Inside the prison, Fatima faces different and strange types of suffering, and she finds herself in the company of a number of Jewish criminal prisoners who entered the prison on charges of theft, and others on immoral charges.

(5)

Difficult years pass for Fatima in prison, during which her mother dies, until a day comes when the alarm sirens sound inside the prison, and the prisoners begin to cover the windows with blankets, and she does not understand what is happening, until she finds a Jewish soldier who says to her: "You betrayed us while we were fasting."

She did not understand what had happened until the soldiers ordered her to kneel on the ground with the Arab female prisoners, and she heard the sentence echoed by everyone that the Egyptians had betrayed the Jews while they were fasting, only to learn that the war of liberation had broken out, and that the Egyptian army had succeeded in crossing the Suez Canal.

Prisons turn into shelters for Jews to escape from Egyptian planes.

The years of imprisonment are long and bitter, until she is released in the eleventh month of 1977 as part of a prisoner exchange deal after more than 11 years in the occupation prisons, but Fatima decides to travel to Lebanon and work as a nurse with the Lebanese fighters in the Lebanese Bekaa until 1983.

Then she returns to Palestine at the request of Yasser Arafat to form the first women's police unit in Gaza in 1994, and she was the leader over them.
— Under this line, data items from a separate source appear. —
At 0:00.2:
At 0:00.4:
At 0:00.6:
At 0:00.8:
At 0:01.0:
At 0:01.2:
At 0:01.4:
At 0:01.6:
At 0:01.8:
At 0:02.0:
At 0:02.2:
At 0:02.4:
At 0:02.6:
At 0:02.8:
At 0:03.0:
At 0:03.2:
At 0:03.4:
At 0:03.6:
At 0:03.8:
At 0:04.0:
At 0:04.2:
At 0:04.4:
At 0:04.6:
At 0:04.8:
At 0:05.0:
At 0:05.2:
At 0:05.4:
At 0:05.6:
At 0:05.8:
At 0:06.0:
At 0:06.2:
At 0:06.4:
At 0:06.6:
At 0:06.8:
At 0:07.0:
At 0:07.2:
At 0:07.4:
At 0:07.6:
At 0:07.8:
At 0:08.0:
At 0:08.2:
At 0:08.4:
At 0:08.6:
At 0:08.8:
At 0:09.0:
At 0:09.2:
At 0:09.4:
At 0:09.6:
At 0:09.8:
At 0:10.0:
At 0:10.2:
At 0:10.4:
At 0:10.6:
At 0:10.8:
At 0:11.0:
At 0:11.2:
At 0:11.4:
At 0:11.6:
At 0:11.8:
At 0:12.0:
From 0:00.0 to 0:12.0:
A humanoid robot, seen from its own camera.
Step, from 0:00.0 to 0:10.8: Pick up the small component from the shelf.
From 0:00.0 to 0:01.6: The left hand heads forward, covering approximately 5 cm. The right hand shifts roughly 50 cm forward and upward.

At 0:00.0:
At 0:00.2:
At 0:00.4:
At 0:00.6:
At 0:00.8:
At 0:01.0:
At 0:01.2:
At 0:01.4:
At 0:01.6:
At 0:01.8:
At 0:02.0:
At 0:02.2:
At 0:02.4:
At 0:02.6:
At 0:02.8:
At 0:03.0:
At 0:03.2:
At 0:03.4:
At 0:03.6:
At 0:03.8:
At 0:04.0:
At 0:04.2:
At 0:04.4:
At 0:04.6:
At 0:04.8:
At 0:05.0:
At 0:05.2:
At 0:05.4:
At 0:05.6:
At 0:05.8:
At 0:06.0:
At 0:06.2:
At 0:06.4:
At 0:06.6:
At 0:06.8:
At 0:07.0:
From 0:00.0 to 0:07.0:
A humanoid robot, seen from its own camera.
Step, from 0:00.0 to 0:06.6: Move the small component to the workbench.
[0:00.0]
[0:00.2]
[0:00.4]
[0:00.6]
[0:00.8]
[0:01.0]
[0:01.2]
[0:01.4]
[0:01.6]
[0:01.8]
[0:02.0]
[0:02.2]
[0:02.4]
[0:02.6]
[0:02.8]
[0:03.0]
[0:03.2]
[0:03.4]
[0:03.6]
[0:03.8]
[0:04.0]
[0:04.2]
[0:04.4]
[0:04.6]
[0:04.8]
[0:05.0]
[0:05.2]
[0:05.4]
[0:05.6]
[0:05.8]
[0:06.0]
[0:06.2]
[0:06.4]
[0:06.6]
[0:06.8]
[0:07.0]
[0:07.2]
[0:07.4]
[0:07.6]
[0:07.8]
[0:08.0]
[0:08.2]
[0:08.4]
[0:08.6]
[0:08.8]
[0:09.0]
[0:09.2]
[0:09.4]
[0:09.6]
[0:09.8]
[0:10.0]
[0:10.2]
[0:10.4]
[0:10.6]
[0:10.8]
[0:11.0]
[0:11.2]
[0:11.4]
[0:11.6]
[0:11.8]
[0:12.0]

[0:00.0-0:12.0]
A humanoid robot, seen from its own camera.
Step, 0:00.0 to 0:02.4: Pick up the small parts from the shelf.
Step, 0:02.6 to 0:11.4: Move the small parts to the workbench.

The strength of the unit was 30 women, but they faced some intransigence at the beginning because many of the people of Gaza were not convinced that a woman would be a policeman for them.

After years of police service, it was decided to leave all forms of political work and police life and travel to live in Egypt, where Fatima Bernawi would remain until her death on November 3 of 2022 in Palestine Hospital in Egypt after a long march of confrontations.